O Globo, n. 32592, 31/10/2022. Política, p. 4

O Brasil escolhe Lula mais uma vez



Na eleição mais acirrada da história para o Palácio do Planalto, o Brasil decidiu ontem dar mais um mandato para Luiz Inácio Lula da Silva (PT), presidente da República entre 2003 e 2010 e agora eleito com mais de 60 milhões de votos (50,89%). O terceiro governo do petista foi confirmado após uma disputa voto a voto contra Jair Bolsonaro (PL), o primeiro presidente a fracassar na tentativa de reeleição ao alcançar 58 milhões de votos (48,91%), apenas 2 milhões a menos que o seu rival.

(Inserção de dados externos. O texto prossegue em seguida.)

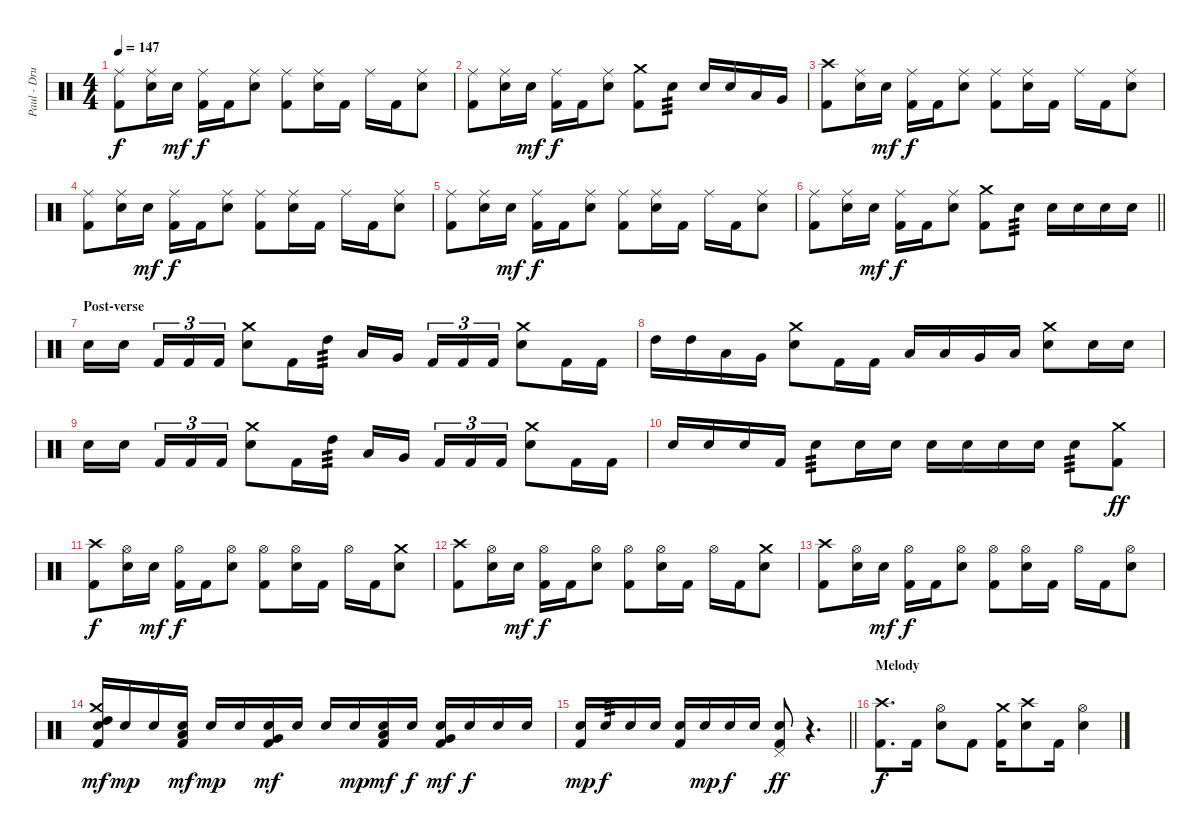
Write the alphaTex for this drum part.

Depois da mais agressiva eleição de todos os tempos, o desafio de Lula será unir o país, dividido por uma campanha repleta de mentiras e diversos episódios de violência, em que poucas propostas foram debatidas pelos candidatos. Em seu primeiro discurso após a vitória, o tom foi de conciliação, agradecendo aos apoios de novos aliados como o vice Geraldo Alckmin (PSB), a senadora Simone Tebet (MDB) e a ex-senadora Marina Silva (Rede) e acenando para os eleitores que votaram em Bolsonaro.

— É hora de reunir de novo as famílias, refazer os laços de amizade rompidos pela propagação criminosa do ódio (...) e que a gente possa inclusive restabelecer a paz entre os divergentes — disse, em discurso lido em São Paulo (mais detalhes na página 6), quando também ressaltou a necessidade de combater a miséria. — Nosso compromisso mais urgente é acabar outra vez com a fome.

A décima eleição pós-redemocratização dá mais uma vez protagonismo ao PT, vencedor de cinco disputas presidenciais desde 1989. O partido, que elegeu a segunda maior bancada do Congresso e quatro governadores, volta ao poder após duas profundas crises nos últimos seis anos: o impeachment da ex-presidente Dilma Rousseff, em 2016; e a prisão de Lula, em abril de 2018, pela operação LavaJato, seis meses antes da derrota de Fernando Haddad para Bolsonaro. Solto em novembro do ano seguinte, o ex-presidente retornou de vez à cena política em março de 2021, quando o Supremo Tribunal Federal anulou suas condenações e sua précandidatura ao Planalto foi lançada pelo PT.

O petista assumirá um país bem diferente do que recebeu em 2002, com níveis de pobreza e de circulação de armas em alta, além da perspectiva de avanço da inflação em um cenário de desarranjo fiscal deixado por Bolsonaro, em contraste com o esforço de estabilização econômica dos anos 1990.

Congresso desafiador

Na sociedade, uma mudança profunda é o avanço da parcela de evangélicos, segmento que se mostrou um dos mais resistentes a Lula e à esquerda nesta eleição: eram 15,4% dos brasileiros no início do século, segundo o Censo, e hoje se estima que representem ao menos o dobro deste percentual.

Na política, mais desafios. No Congresso, o presidente eleito terá de lidar com uma ampla bancada de oposição encabeçada pelo PL, partido de Bolsonaro, que terá 99 deputados e 14 senadores. O maior estado do país, São Paulo, será governado pelo exministro do presidente Tarcísio de Freitas (Republicanos), eleito com 13,4 milhões de votos contra 10,9 milhões de votos de Fernando Haddad (PT).

Na noite de ontem, enquanto Bolsonaro não se manifestou sobre o resultado das urnas, seus aliados como o presidente da Câmara, Arthur Lira (PP),e o próprio Tarcísio de Freitas reconheceram a derrota e enfatizaram a necessidade de diálogo com o futuro presidente a partir de 2023.